Hugo Gordillo
Escritor

El clero se hace terrateniente por la gracia de la nobleza medieval y se enriquece, por la gracia de Dios, explotando siervos bajo la regla de San Benito: “oración y trabajo”. Tanto rezo y tanta chamba que, en época de fiesta, los iniciados en la vida monástica no participan de grandes banquetes, sino que ayunan por temporadas con la panza pegada al espinazo. Pero el enriquecimiento de los monasterios se explica fundamentalmente por las penitencias, las ofrendas y las donaciones de quienes quieren alcanzar la recompensa celestial o, por lo menos, evitar ir al infierno.

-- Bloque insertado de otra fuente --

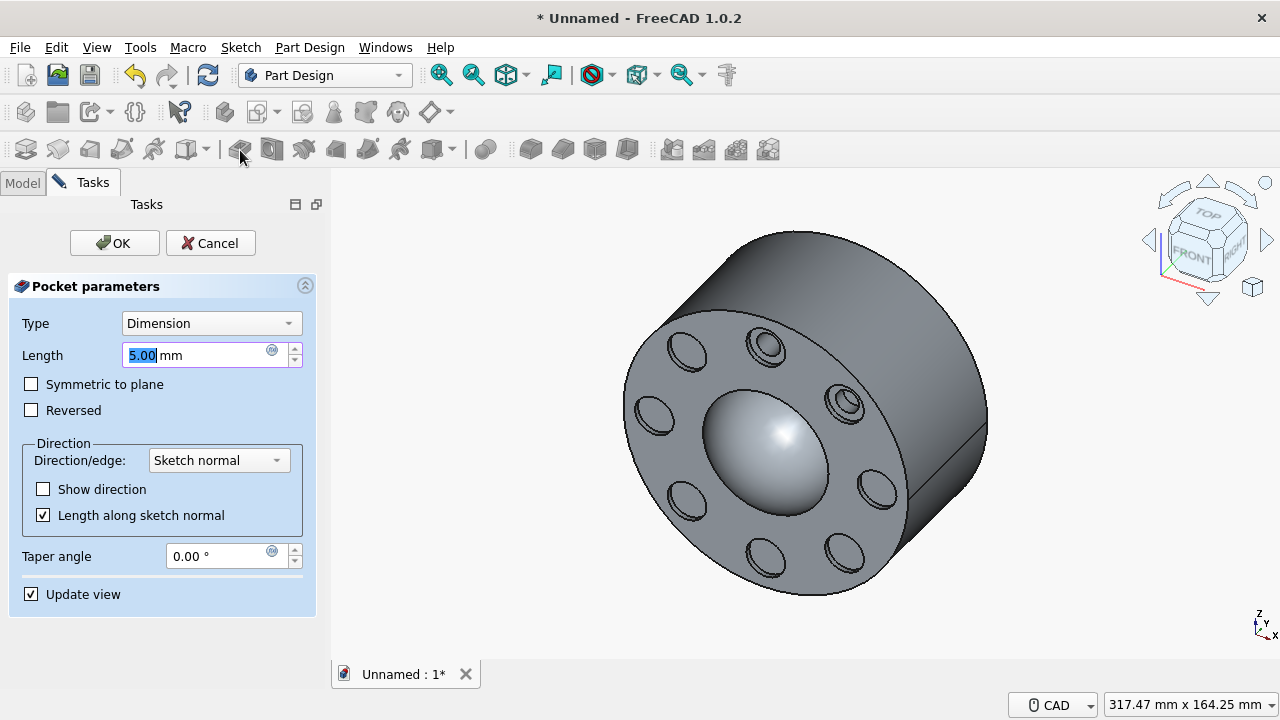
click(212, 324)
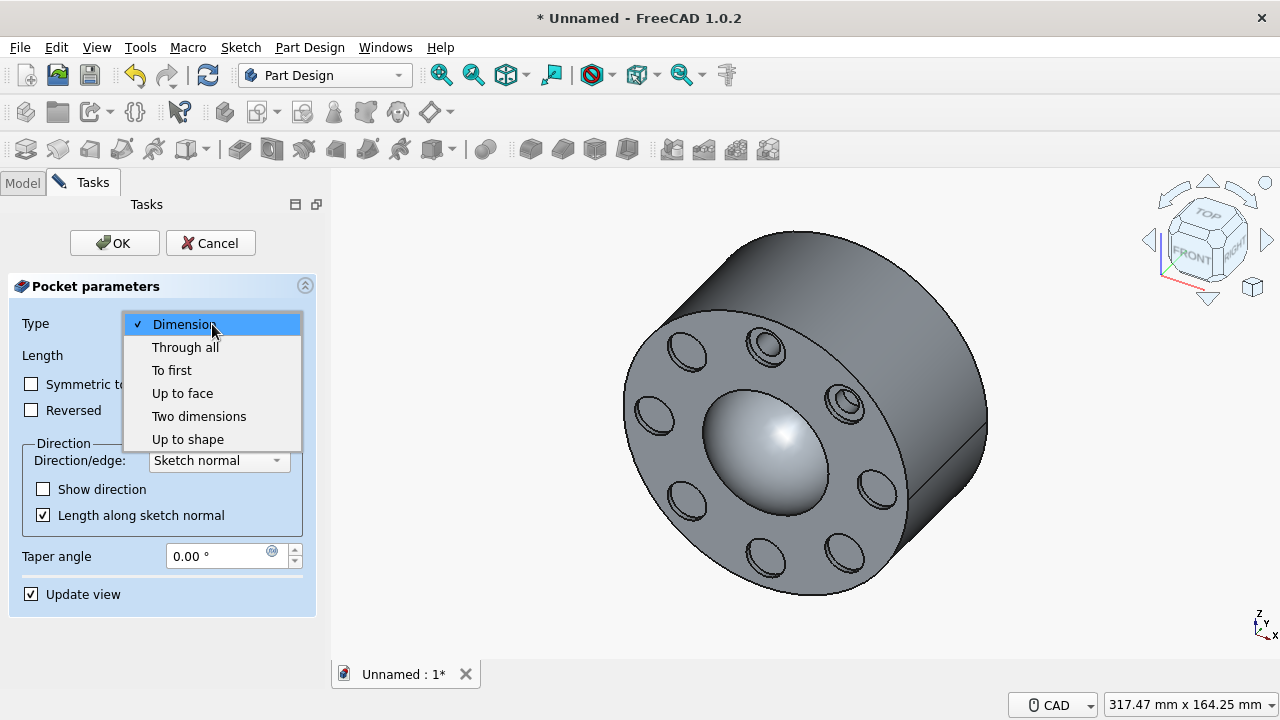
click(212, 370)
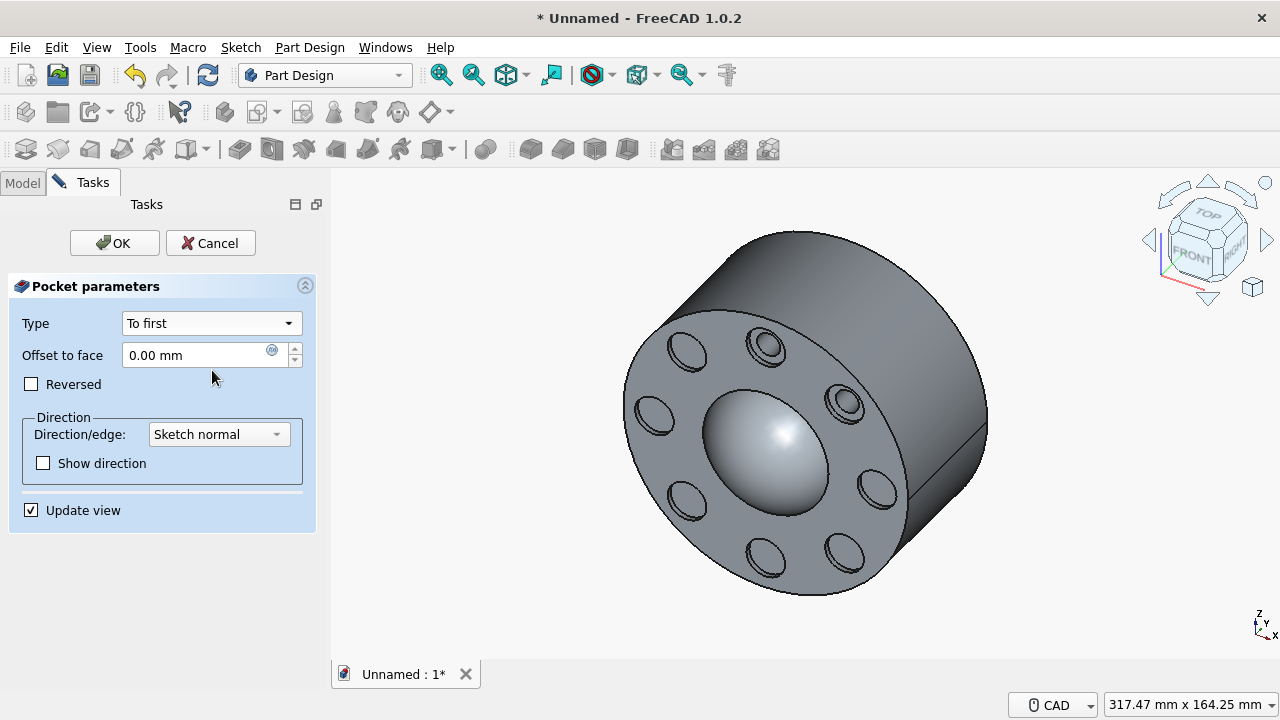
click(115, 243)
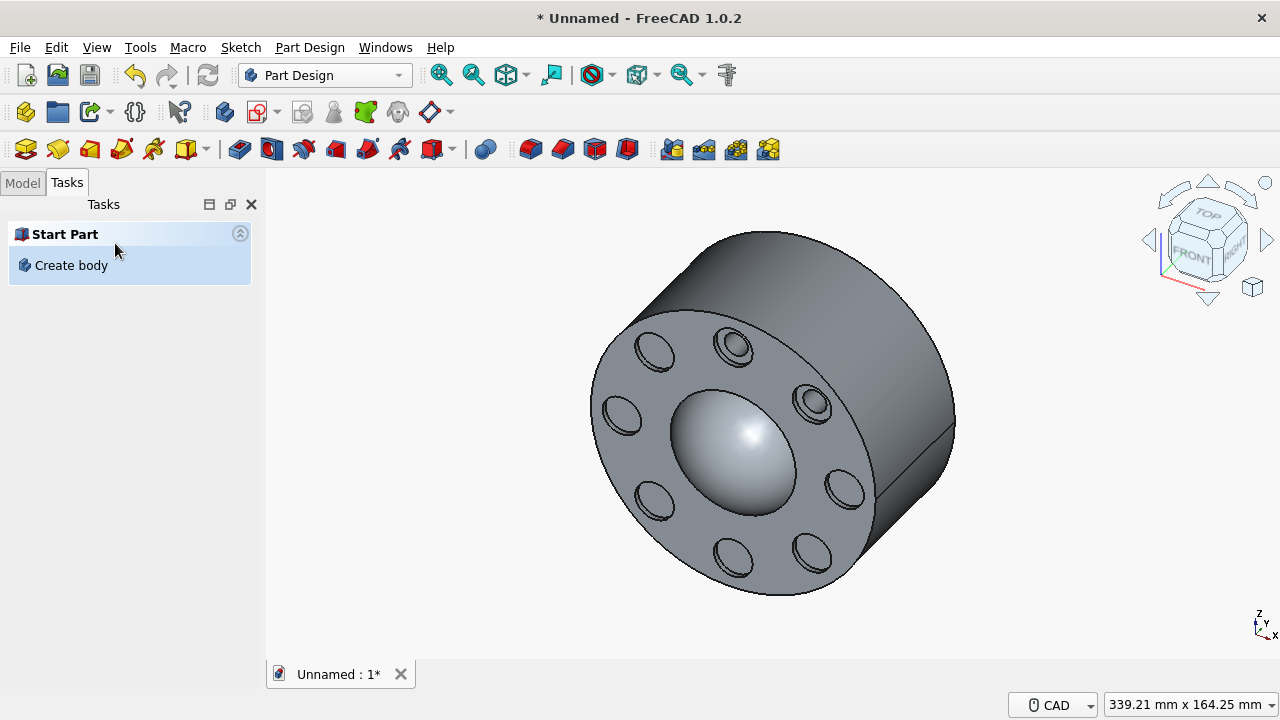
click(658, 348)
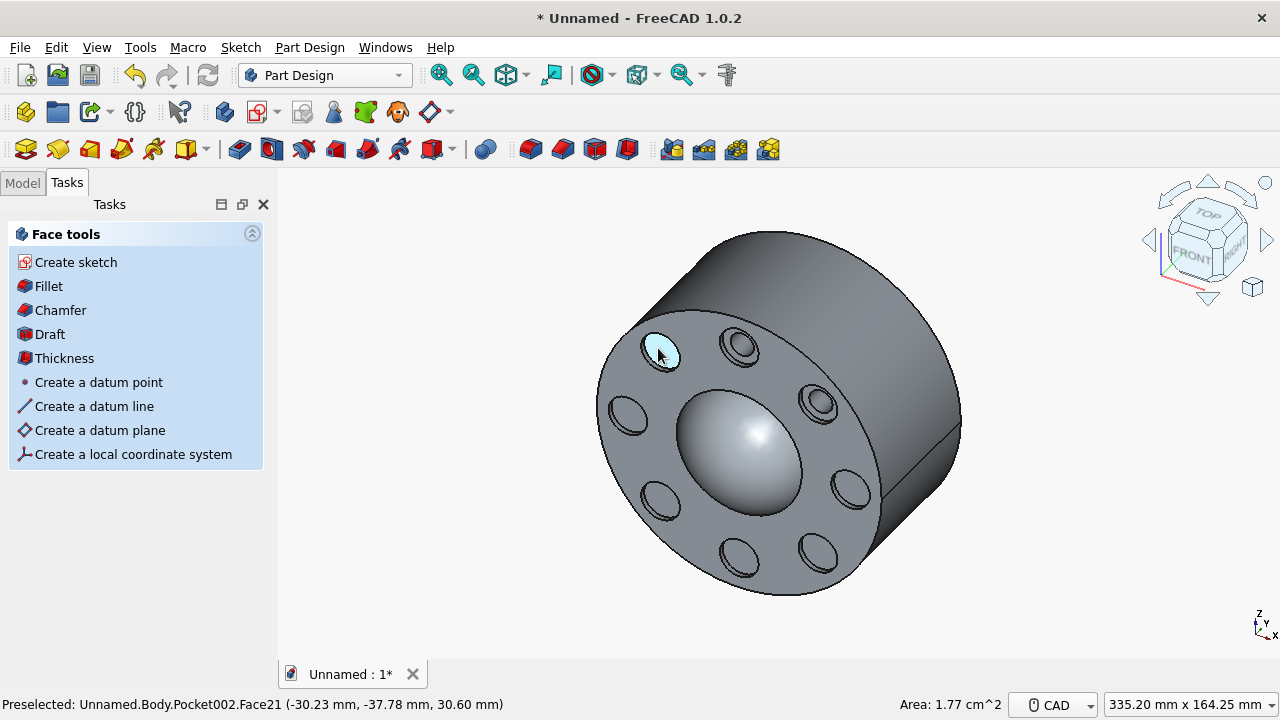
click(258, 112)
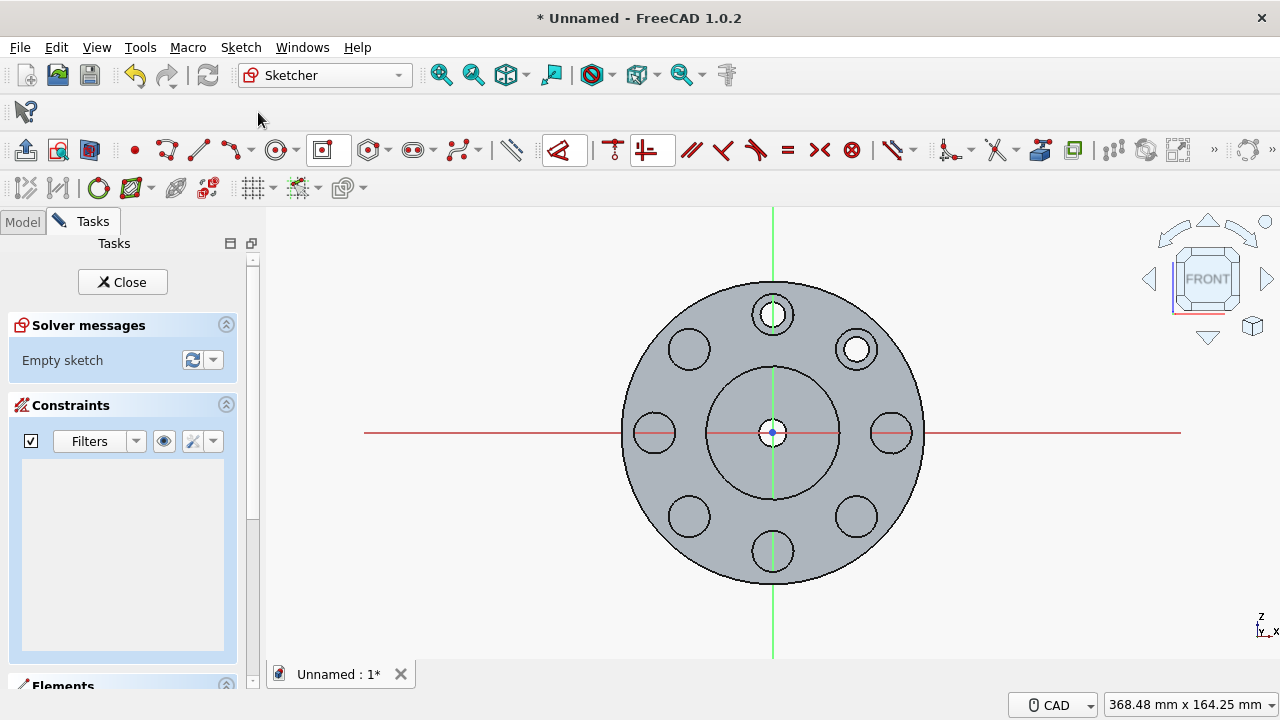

Finalizado el primer milenio de nuestra era, Europa todavía vocifera sobre el fin del mundo, lo cual no ocurre, pero con la creencia arraigada en la condenación eterna que los monjes remachan a diario. Disuelta la sociedad cortesana y extinto el poder centralizado, las ciudades se marchitan y el mercado se agota. Los conventos florecen en el campo bajo el cuidado de los ministeriales, siervos con posición de poder que integran los ejércitos mercenarios de Dios. En los pequeños huertos de sus grandes extensiones de tierra, nada más producen lo suficiente para alimentar animales racionales e irracionales, sin mayores excedentes, mucho menos para comerciar.

La construcción de templos románicos en los lugares más recónditos confirma que la divinidad es rural. La arquitectura varía un poco, según la extensión de cada reino cristiano y sus influencias, pero toda ella es arcaica. Cada pequeña ciudad de Dios en miniatura es de piedra, con forma de cruz latina. Uno o dos campanarios y ventanas pequeñas entre los macizos, por donde apenas entra la luz divina. El Reino de Dios no es para todos, sino para los escogidos que se lo ganan. Por eso, las partes oscuras del templo son decoradas con el pecado. Las iluminadas, con la salvación.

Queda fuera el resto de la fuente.